Зря мы тут торчим. Ведь нас же, в конце концов, предупредили.
Убивай. Жги[1].
Почему я еще здесь? Я ведь могу относительно безопасно пробраться на юг, к центру города. Я делал так раньше; я знаю, как надо поступать. Выйти в полдень, взять с собой словарь, как талисман. Клянусь, это он меня защищает. Он стал моим гримуаром. Пешком до Мраморной Арки около часа, дорога все время по главным улицам. Так что шансы у меня приличные.
Я ведь так уже делал — спускался по Мейда-Вейл, переходил через канал, в котором теперь чего только не плавает. Потом мимо башни на Эджвер- роуд с ее экзоскелетом из красных балок, которые вонзаются в небо на высоте двадцати футов над плоской крышей. Я слышал, как кто-то ступает мягкими лапами и фыркает там, в этой высотной тюрьме, видел промельк блестящих мышц и гладкого меха, когда он стал трясти клетку.

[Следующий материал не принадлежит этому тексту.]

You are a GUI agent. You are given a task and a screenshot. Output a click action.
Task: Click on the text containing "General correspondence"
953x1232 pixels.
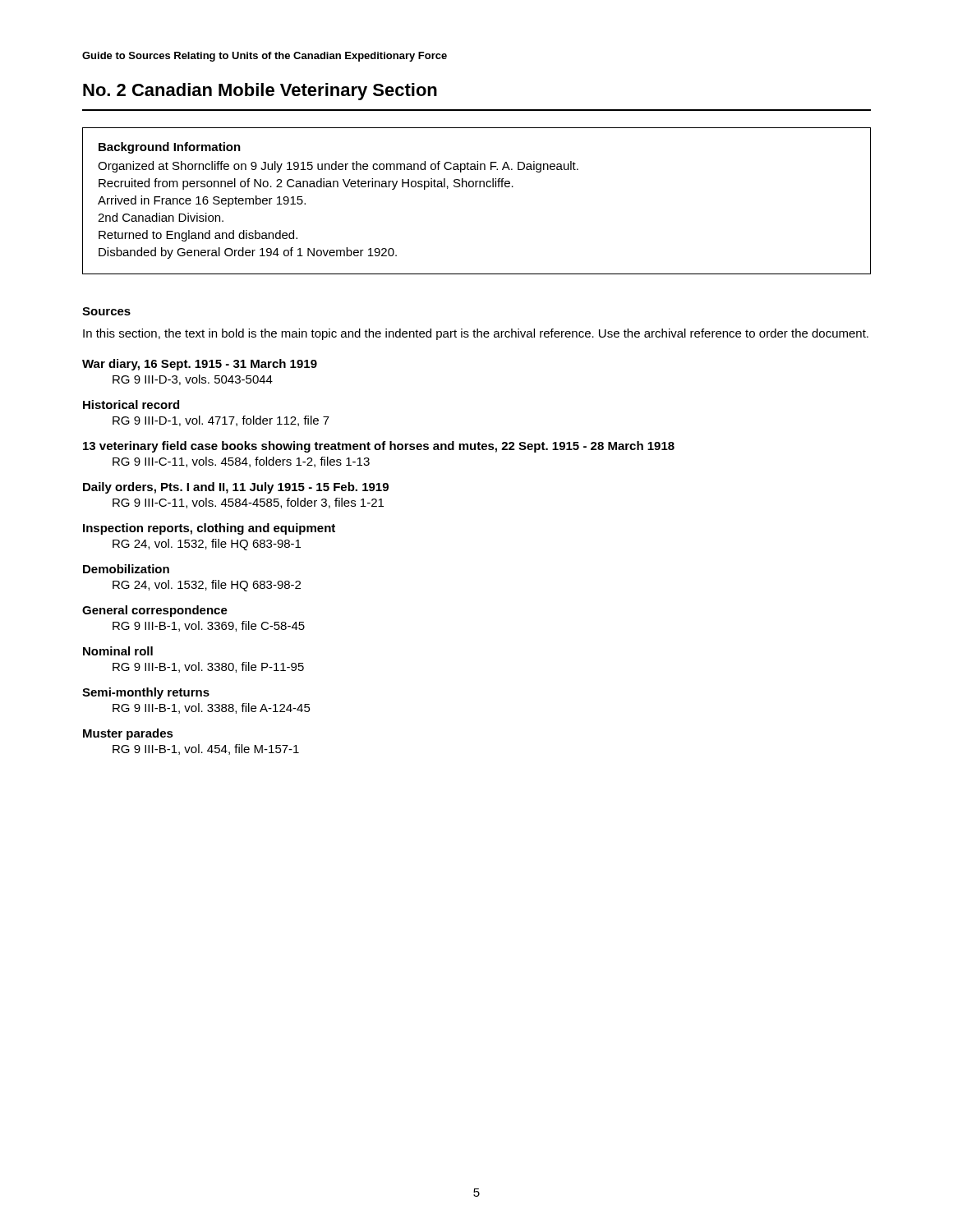(155, 609)

Наверное, те, которые хлопают крыльями, бросают ему еду сверху.
Но стоит только пройти мимо него — и я в безопасности, можно сказать, дома — на Оксфорд-стрит, где сейчас живет почти весь Лондон. В последний раз я был там месяц назад, и ничего, они молодцы. Несколько магазинов еще работают, вместо денег ходят какие-то бумажки с надписями, нацарапанными прямо от руки, на них покупают то, что удается спасти из других районов, или сделать самим, или обнаружить поутру чудесным образом доставленным неизвестно откуда.
Хотя, конечно, им не избежать судьбы остального города. Об этом говорят знаки, они повсюду.
Теперь, когда людей стало значительно меньше, город производит собственный мусор. В щелях зданий, в узких пространствах под днищами припаркованных машин материя самоорганизуется в промасленные упаковки от жареной картошки, сломанные игрушки, пустые сигаретные пачки, а те, рано или поздно, обрывают пуповину, связывающую их с землей, и катятся по улицам. Даже на Оксфорд-стрит по утрам находят свежие мусорные всходы, причем каждый гадкий новорожденный фрагмент отмечен крошечным вздутым пупком.